Yang keempat, dan tak kalah penting, adalah pembentukan pelatih yang
berkualitas. Pemain-pemain bagus tentu muncul dari tangan-tangan pelatih
berkualitas. Itu sebabnya peningkatan jumlah kursus kepelatihan sepak bola
diharapkan mampu meningkatkan jumlah pelatih-pelatih berkualitas. Namun
yang tak kalah penting adalah bagaimana pelatih-pelatih itu tetap belajar
bagaimana menangani para pemain muda, mulai dari latihan yang tepat, langkah
pencegahan cedera, hingga cara pandang dalam melatih.

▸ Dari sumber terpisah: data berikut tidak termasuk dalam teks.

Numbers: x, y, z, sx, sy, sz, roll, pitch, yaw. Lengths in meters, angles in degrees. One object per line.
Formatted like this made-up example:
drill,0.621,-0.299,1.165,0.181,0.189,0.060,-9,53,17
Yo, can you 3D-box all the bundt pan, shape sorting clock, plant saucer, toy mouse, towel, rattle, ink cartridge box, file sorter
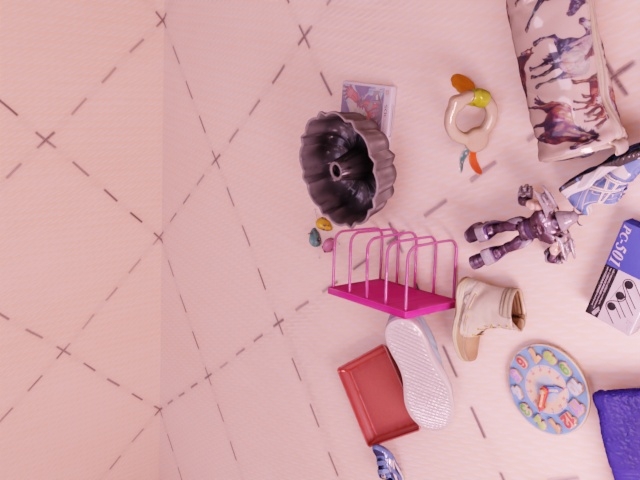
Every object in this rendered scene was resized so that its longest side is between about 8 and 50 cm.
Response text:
bundt pan,0.087,-0.206,1.658,0.330,0.124,0.331,29,129,43
shape sorting clock,0.508,0.335,1.341,0.206,0.040,0.206,15,109,49
plant saucer,0.179,0.462,1.778,0.259,0.047,0.259,-41,66,47
toy mouse,0.000,0.000,1.912,0.161,0.031,0.143,42,128,38
towel,0.671,0.428,1.139,0.227,0.076,0.309,-18,83,45
rattle,0.336,-0.269,1.404,0.143,0.130,0.200,44,157,51
ink cartridge box,0.603,0.072,1.158,0.097,0.046,0.207,35,123,40
file sorter,0.189,0.070,1.558,0.290,0.202,0.183,13,105,50

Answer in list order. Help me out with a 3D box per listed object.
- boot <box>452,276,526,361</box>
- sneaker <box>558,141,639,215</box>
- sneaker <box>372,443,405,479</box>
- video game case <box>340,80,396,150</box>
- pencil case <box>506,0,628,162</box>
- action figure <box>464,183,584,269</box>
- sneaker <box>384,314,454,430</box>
boot,0.402,0.203,1.418,0.165,0.077,0.213,10,103,48
sneaker,0.569,-0.120,1.147,0.081,0.080,0.211,57,143,3
sneaker,0.195,0.673,1.770,0.144,0.059,0.053,57,141,0
video game case,0.128,-0.350,1.681,0.201,0.023,0.184,23,115,47
pencil case,0.471,-0.347,1.140,0.183,0.159,0.411,165,94,-66
action figure,0.442,-0.023,1.292,0.285,0.099,0.186,-22,83,53
sneaker,0.276,0.328,1.587,0.135,0.150,0.366,-10,111,20
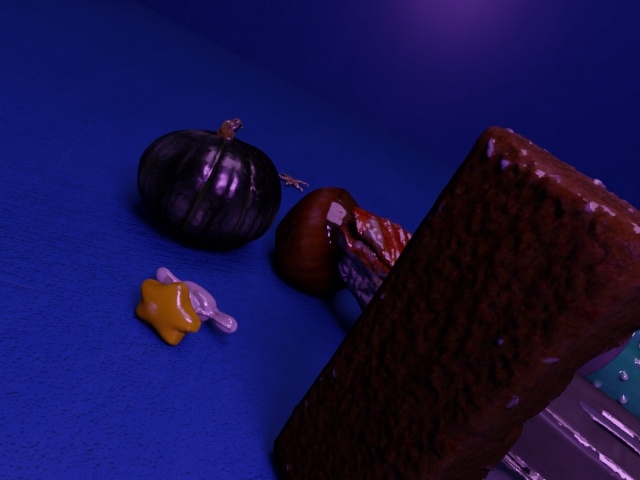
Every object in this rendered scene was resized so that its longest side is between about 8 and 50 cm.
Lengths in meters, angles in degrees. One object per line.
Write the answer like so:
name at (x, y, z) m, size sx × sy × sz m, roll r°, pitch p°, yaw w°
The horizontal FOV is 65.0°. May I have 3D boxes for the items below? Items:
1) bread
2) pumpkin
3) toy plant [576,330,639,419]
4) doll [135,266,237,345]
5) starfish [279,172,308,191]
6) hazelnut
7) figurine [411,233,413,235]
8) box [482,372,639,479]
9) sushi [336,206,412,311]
bread at (0.097, 0.121, 0.436) m, size 0.113 × 0.417 × 0.165 m, roll 9°, pitch 34°, yaw -36°
pumpkin at (-0.180, -0.104, 0.850) m, size 0.249 × 0.216 × 0.250 m, roll 20°, pitch 8°, yaw -3°
toy plant at (0.420, 0.154, 0.792) m, size 0.400 × 0.185 × 0.279 m, roll 48°, pitch 64°, yaw -6°
doll at (-0.182, 0.076, 0.662) m, size 0.113 × 0.072 × 0.135 m, roll 13°, pitch 22°, yaw -48°
starfish at (-0.075, -0.157, 1.312) m, size 0.092 × 0.016 × 0.086 m, roll 11°, pitch 30°, yaw -24°
hazelnut at (0.000, 0.000, 0.899) m, size 0.177 × 0.178 × 0.204 m, roll 19°, pitch 56°, yaw -19°
figurine at (0.293, 0.121, 0.954) m, size 0.342 × 0.167 × 0.285 m, roll 30°, pitch 20°, yaw 18°
box at (0.326, 0.295, 0.634) m, size 0.290 × 0.166 × 0.220 m, roll 38°, pitch 26°, yaw 25°
sushi at (0.130, 0.102, 0.770) m, size 0.124 × 0.130 × 0.332 m, roll -22°, pitch 75°, yaw -44°
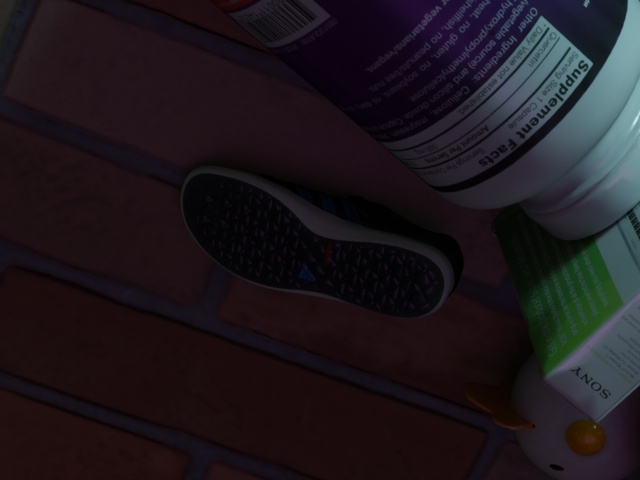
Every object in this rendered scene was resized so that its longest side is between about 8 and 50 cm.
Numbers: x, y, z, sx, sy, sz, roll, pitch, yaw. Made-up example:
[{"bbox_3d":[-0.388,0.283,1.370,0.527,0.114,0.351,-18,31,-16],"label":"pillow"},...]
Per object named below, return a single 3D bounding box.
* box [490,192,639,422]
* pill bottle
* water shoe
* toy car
[{"bbox_3d":[0.254,-0.055,1.244,0.058,0.232,0.322,41,107,-20],"label":"box"},{"bbox_3d":[0.077,-0.144,1.215,0.323,0.181,0.181,39,107,-21],"label":"pill bottle"},{"bbox_3d":[0.000,0.000,1.344,0.203,0.080,0.073,23,111,12],"label":"water shoe"},{"bbox_3d":[0.218,0.128,1.362,0.238,0.210,0.219,1,106,9],"label":"toy car"}]
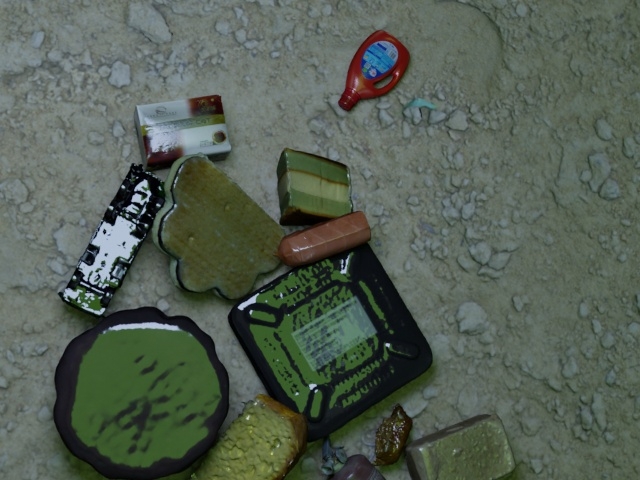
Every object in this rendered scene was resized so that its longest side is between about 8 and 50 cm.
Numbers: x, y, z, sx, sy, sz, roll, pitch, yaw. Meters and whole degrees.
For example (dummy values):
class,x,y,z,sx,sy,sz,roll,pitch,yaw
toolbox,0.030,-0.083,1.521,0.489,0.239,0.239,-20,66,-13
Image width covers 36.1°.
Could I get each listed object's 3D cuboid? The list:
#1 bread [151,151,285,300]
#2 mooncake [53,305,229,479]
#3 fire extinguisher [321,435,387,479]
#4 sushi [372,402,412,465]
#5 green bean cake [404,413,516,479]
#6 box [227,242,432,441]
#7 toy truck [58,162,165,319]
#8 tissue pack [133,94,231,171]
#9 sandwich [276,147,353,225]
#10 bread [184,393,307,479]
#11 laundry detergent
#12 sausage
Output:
class,x,y,z,sx,sy,sz,roll,pitch,yaw
bread,-0.184,-0.005,1.656,0.207,0.056,0.286,-55,128,-17
mooncake,-0.288,0.246,1.592,0.282,0.141,0.283,0,92,-9
fire extinguisher,0.088,0.449,1.692,0.105,0.105,0.269,-43,93,-16
sushi,0.122,0.347,1.734,0.060,0.061,0.118,26,54,-3
green bean cake,0.246,0.385,1.741,0.179,0.085,0.109,-20,88,-15
box,0.020,0.169,1.724,0.290,0.073,0.289,-29,87,-16
toy truck,-0.340,0.003,1.640,0.088,0.121,0.259,28,76,-9
tissue pack,-0.240,-0.186,1.703,0.148,0.099,0.106,-11,85,-15
sandwich,0.000,-0.094,1.708,0.144,0.187,0.117,-5,83,-8
bread,-0.105,0.352,1.634,0.129,0.134,0.260,42,111,11
laundry detergent,0.093,-0.306,1.831,0.097,0.049,0.165,37,78,-9
sausage,0.000,0.000,1.694,0.169,0.065,0.065,-20,87,-12
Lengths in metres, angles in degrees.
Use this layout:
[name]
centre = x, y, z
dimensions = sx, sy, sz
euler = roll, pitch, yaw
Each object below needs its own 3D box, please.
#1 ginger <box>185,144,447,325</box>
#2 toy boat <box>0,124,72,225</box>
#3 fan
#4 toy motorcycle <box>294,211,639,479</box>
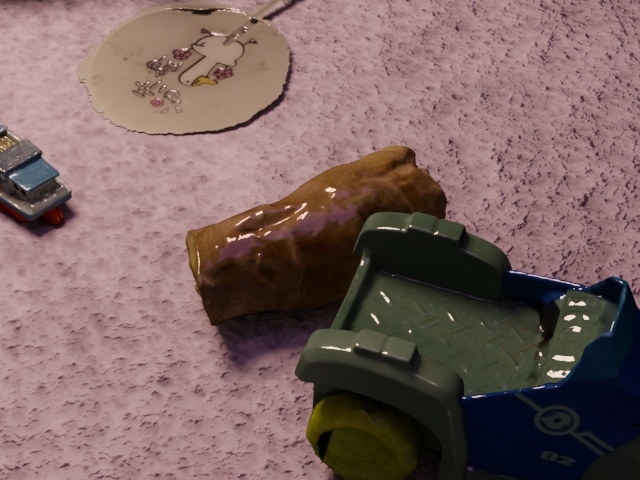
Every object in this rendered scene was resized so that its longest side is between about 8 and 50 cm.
[ginger]
centre = 0.000, 0.000, 1.177
dimensions = 0.263, 0.116, 0.109
euler = -21, 20, -18
[toy boat]
centre = -0.317, -0.078, 1.280
dimensions = 0.069, 0.059, 0.173
euler = -35, 56, -30
[fan]
centre = -0.092, -0.242, 1.477
dimensions = 0.233, 0.012, 0.414
euler = 33, 56, 26
[toy motorcycle]
centre = 0.157, 0.099, 1.027
dimensions = 0.326, 0.200, 0.191
euler = 14, 47, 14
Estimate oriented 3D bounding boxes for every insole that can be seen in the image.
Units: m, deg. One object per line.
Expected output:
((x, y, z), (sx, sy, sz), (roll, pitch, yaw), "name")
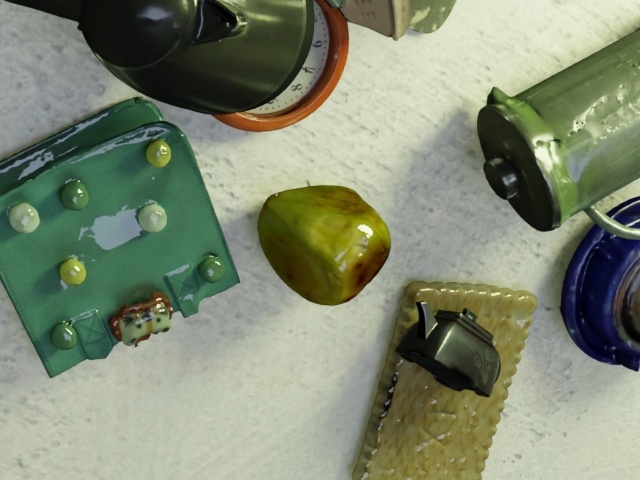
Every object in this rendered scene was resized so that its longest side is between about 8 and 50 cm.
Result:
((0.169, -0.370, 1.714), (0.081, 0.011, 0.248), (18, 104, -31), "insole")

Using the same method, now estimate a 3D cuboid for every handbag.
((-0.244, 0.001, 1.630), (0.269, 0.100, 0.274), (-27, 122, -14), "handbag")

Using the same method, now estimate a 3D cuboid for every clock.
((-0.062, -0.225, 1.643), (0.205, 0.051, 0.205), (-11, 119, -21), "clock")

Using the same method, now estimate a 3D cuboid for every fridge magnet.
((0.464, 0.061, 2.003), (0.265, 0.112, 0.265), (-11, 117, -24), "fridge magnet")

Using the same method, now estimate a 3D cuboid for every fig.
((0.000, 0.000, 1.730), (0.166, 0.144, 0.154), (20, 69, -11), "fig")

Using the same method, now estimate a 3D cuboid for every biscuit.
((0.172, 0.209, 1.969), (0.217, 0.044, 0.325), (4, 111, -27), "biscuit")

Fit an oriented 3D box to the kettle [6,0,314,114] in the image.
((-0.159, -0.246, 1.437), (0.207, 0.251, 0.271), (-48, 170, 18), "kettle")

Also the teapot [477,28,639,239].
((0.379, -0.128, 1.808), (0.337, 0.200, 0.270), (-28, 92, -10), "teapot")

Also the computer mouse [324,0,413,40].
((0.051, -0.344, 1.551), (0.115, 0.199, 0.389), (-11, 149, 25), "computer mouse")

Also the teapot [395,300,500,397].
((0.182, 0.138, 1.874), (0.177, 0.087, 0.096), (36, 72, -32), "teapot")
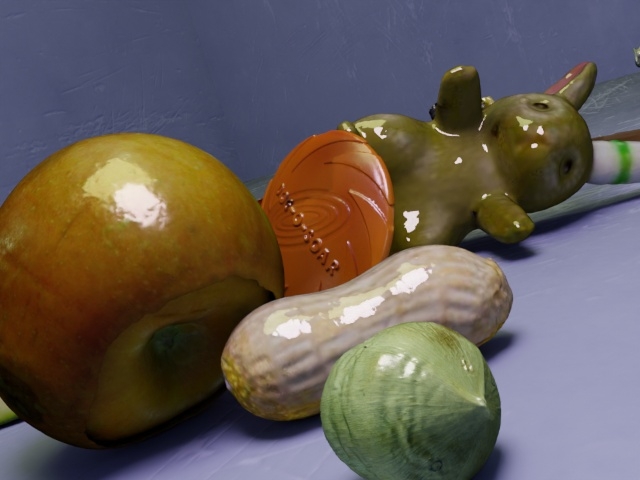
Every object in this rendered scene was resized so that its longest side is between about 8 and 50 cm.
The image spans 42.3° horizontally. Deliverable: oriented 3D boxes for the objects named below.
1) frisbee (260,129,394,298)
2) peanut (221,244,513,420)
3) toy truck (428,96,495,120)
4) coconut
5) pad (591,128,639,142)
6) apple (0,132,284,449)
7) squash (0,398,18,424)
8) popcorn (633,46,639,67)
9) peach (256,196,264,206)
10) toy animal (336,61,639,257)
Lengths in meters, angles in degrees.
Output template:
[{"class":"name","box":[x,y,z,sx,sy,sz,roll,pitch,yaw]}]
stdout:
[{"class":"frisbee","box":[-0.008,-0.013,0.790,0.035,0.192,0.192,11,-14,-42]},{"class":"peanut","box":[0.033,0.060,0.561,0.206,0.087,0.087,-18,9,-8]},{"class":"toy truck","box":[0.145,-0.109,1.215,0.286,0.136,0.111,-25,-10,3]},{"class":"coconut","box":[0.047,0.082,0.407,0.088,0.088,0.096,-25,6,-39]},{"class":"pad","box":[0.367,-0.120,1.230,0.286,0.018,0.284,-22,9,-23]},{"class":"apple","box":[-0.139,0.037,0.613,0.237,0.237,0.207,-23,33,-29]},{"class":"squash","box":[-0.267,0.099,0.811,0.288,0.111,0.203,-20,-24,-37]},{"class":"popcorn","box":[0.504,-0.233,1.091,0.198,0.198,0.212,-9,18,47]},{"class":"peach","box":[-0.059,-0.059,1.568,0.279,0.068,0.189,-20,1,-3]},{"class":"toy animal","box":[0.188,-0.088,0.854,0.363,0.181,0.180,-19,-5,12]}]
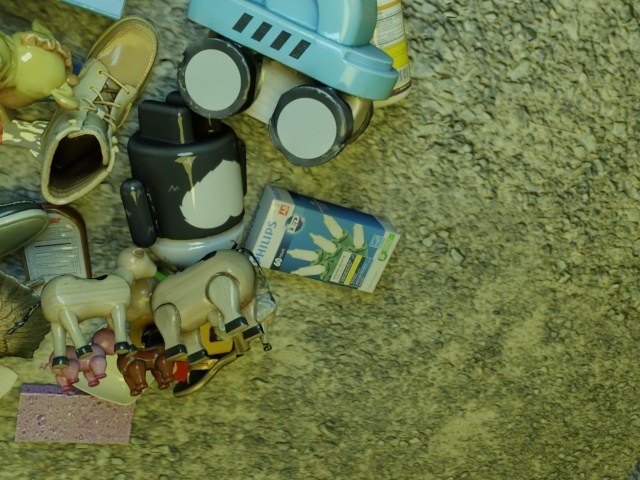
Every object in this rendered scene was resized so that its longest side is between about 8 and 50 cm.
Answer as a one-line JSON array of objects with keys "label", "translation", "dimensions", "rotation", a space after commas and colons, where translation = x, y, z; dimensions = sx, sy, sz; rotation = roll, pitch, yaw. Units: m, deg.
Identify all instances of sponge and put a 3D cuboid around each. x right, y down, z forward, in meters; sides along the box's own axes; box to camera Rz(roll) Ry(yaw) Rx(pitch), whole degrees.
[{"label": "sponge", "translation": [-0.466, 0.335, 1.237], "dimensions": [0.210, 0.031, 0.117], "rotation": [9, 113, -22]}]

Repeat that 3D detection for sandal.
[{"label": "sandal", "translation": [-0.217, 0.235, 1.251], "dimensions": [0.180, 0.072, 0.049], "rotation": [-38, 106, 1]}]

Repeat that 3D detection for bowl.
[{"label": "bowl", "translation": [-0.377, 0.224, 1.198], "dimensions": [0.142, 0.053, 0.142], "rotation": [33, 102, -30]}]

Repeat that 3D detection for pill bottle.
[{"label": "pill bottle", "translation": [0.076, -0.330, 1.031], "dimensions": [0.117, 0.117, 0.215], "rotation": [-18, 119, -9]}]

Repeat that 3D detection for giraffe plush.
[{"label": "giraffe plush", "translation": [-0.391, -0.220, 0.780], "dimensions": [0.170, 0.210, 0.181], "rotation": [-3, 94, -60]}]

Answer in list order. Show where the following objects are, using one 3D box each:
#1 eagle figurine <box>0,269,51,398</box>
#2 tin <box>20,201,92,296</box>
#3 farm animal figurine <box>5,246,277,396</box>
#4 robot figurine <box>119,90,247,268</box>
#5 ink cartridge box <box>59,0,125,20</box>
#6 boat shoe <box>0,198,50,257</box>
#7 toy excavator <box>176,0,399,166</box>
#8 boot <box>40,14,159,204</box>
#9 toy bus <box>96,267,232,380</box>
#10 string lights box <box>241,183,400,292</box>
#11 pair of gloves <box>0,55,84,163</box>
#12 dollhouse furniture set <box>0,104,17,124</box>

Latihan yang tepat akan membuat pemain terhindar dari kondisi rentan cedera.
Menurut Ganesha, pemain muda yang cedera adalah buntut dari salahnya pola
latihan. Mayoritas cedera yang dialami pemain muda dikarenakan cedera
non-kontak, dan faktor utamanya adalah kelelahan. Oleh sebab itu, pelatih harus
bisa menjaga agar para pemainnya tetap bugar dan tak memberi porsi latihan
ataupun waktu bermain yang berlebihan.

Pelatih harus bisa memberi pengertian keada orang tua yang seringkali selalu
ingin melihat anaknya terus bermain, bahkan ketika kondisinya sedang tidak fit.
Tidak kalah penting, pelatih juga harus bisa menghindari sikap ‘menerima
pemain titipan’ demi keuntungan pribadi.

Selain itu, pelatih harus membangun cara pandang bahwa dalam pembinaan usia
muda, kemenangan dan gelar juara bukanlah yang tepenting (apalagi cuma
sekedar gelar untuk SSB-nya). Tujuan utama pembinaan usia muda adalah terus
mengasah kemampuan fisik, teknik, dan mental anak-anak muda harapan bangsa
hingga akhirnya mereka menjadi pemain profesional, bukan memenangkan gelar
juara di usia muda. Jika meraih gelar, itu adalah bonus saja. Namun jangan
sampai memaksakan mereka untuk harus menang sehingga mengabaikan masa
depan anak-anak muda tersebut. Apalah arti menang di kejuaraan junior namun
ujung-ujungnya cedera dan harus mengubur mimpi menjadi pemain profesional?
Semuanya dimulai dengan mengubah pola pikir kita masing-masing untuk
membangun sepak bola Indonesia, khususnya di pembinaan usia dini. Jelas
terlihat bahwa kita semua masih harus bekerja keras dalam membangun sepak
bola nasional, terlebih masalah mindset ini pun nampaknya masih saling
berbenturan dalam tubuh PSSI selaku penggerak roda sepak bola negeri ini.